Capital B says, “For me the ‘Five-man-Electrical Band’s’, (‘Staccatos), recording of ‘Absolutely Right’ & ‘Signs’ …...you know, ‘Signs, signs, everywhere a sign, blockin’ out the scenery ‘n messin’ my mind. Do this, Don’t do that. Can’t-cha read the signs?”, Those lyrics..wow.
Those are rock-anthems and social commentary too. I guess I always wanted to write one.
A creative writing teacher will instruct and encourage students to, “write about what you know”. That is what Capital B did, has done and continues to do throughout his current 14 year career. (That’s since he came back to professional music after a twenty-year absence).
). Now…. “About the songs on my debut first CD ‘Staccato Grove’ ,”
Busy Life: Well …instead of ‘offing’ one-self, perhaps it’s better to remain busy by writing a song. My lead solo is carefully composed to be different and to go through a beginning, middle, & an ending. (The solo… It’s purposely & purposefully brash, angry…staccato like a horn-line fanfare and ‘busy’ like the current schedule most of us face daily).
Party All-right: ….Party all night, written for the college crowd. Hence the refrain,
I personally enjoy the “little feat” feel. What do you think?

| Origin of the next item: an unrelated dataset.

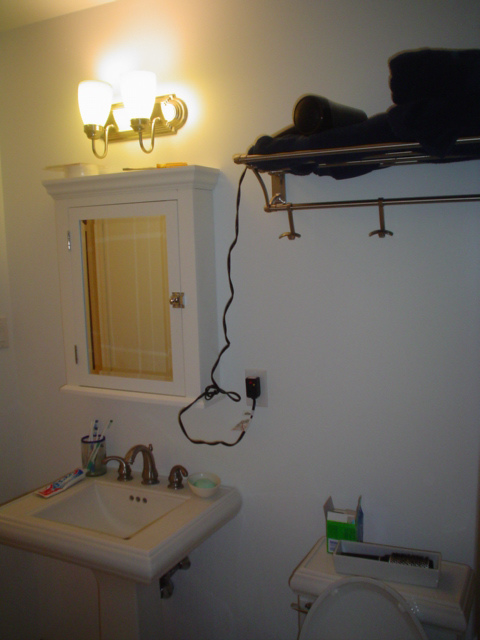<image>What color is the tape in the bathroom? There is no tape in the bathroom. What color is the tape in the bathroom? There is no tape in the bathroom. 
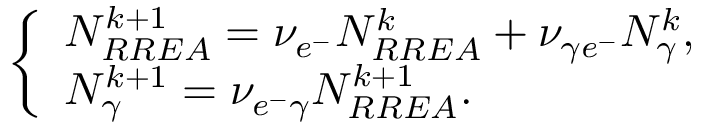Convert formula to latex. <formula><loc_0><loc_0><loc_500><loc_500>\left \{ \begin{array} { l l } { N _ { R R E A } ^ { k + 1 } = \nu _ { e ^ { - } } N _ { R R E A } ^ { k } + \nu _ { \gamma e ^ { - } } N _ { \gamma } ^ { k } , } \\ { N _ { \gamma } ^ { k + 1 } = \nu _ { e ^ { - } \gamma } N _ { R R E A } ^ { k + 1 } . } \end{array}</formula>

Devil in her Soul: I wanted to write a Rumba! Vocals are a little raw, I was still smokin & drinkin’ back then. My ex girlfriend’s teenage son heard the song prior to meeting me, and when he found out his mother was about to go out on a date with me he asked her if she was really going to date a black –man?
I’m on fire: A really funky rocker ..again my lead solo is carefully composed to be, different and unorthodox and to go through a beginning , a middle & an end. (it’s ironic how (a personal) “passion goes ‘out of fashion” according to my lyrics).
Where’s my baby been? : Traditional Chicago Blues It tells one of my stories. It’s about the possible pitfalls involved with being in a serious relationship with a,‘ significantly younger woman’.
Flirtin’: Light ‘n Jazzy. Perhaps too cute?
But what the hell, it’s got a real ‘catchy two (II), five (V) turn-around. When the piano player first heard it he asked me, “When & how do you want me to start playin’? As the track was playing back I said to him, “why don’t you start, by playin’ just-one-note, right, ..Here.”
Avalanche: Heavier Jazz
again…It tells one of my stories. Tim the sax player listened to it twice, discussed the approach I wanted from him with me and then nailed it, (his track), on the very first take. Again my lead solo is carefully composed to be different and to go through a beginning , middle & ending. (the song is somewhat inspired by Tom Waits ‘Emotional Weather Report’ off of the “Nighthawks at the Diner” album.)
The Scars you left me: Traditional Chicago Blues. It tells one of my stories. Others can seem to relate to it too. Its message: That your bound to keep repeating the same mistakes until you study and learn life’s lessons.
I keep comin’ back: A provocative opening lyric which gets attention & gets their heads up at a live show.
(I snatch kisses) “Did he sing/say what I thought he sang/said?” The song was written and arranged for exactly that effect.(I never do repeat it again instead I sing “… and sometimes my kisses catch”)
(It’s a) Strange, Strange World: A very personal statement. Wrought from a confused childhood filled with a lot of ‘mixed-messages’(I’m still proud of my composed and controlled soul searing guitar solo in the back round) Great piano too.
I’m Gonna Tell You Now: A ‘science fiction’ scenario set to a Bruce Springsteen style of tune/arrangement. (I think it’s more Capital B than Bruce)
It’s science fiction cause the premise of the lyrics is that a woman will actually sit down and listen to the reasons why you list for breaking-up with her, (Yuk, Yuk, Yuk). I like the way the lyric of the chorus wraps up the whole CD , I structured it that way. “It’s over, I’m done, I’m out’ta here, I gotta move on!” I thought it was a great way to end the CD.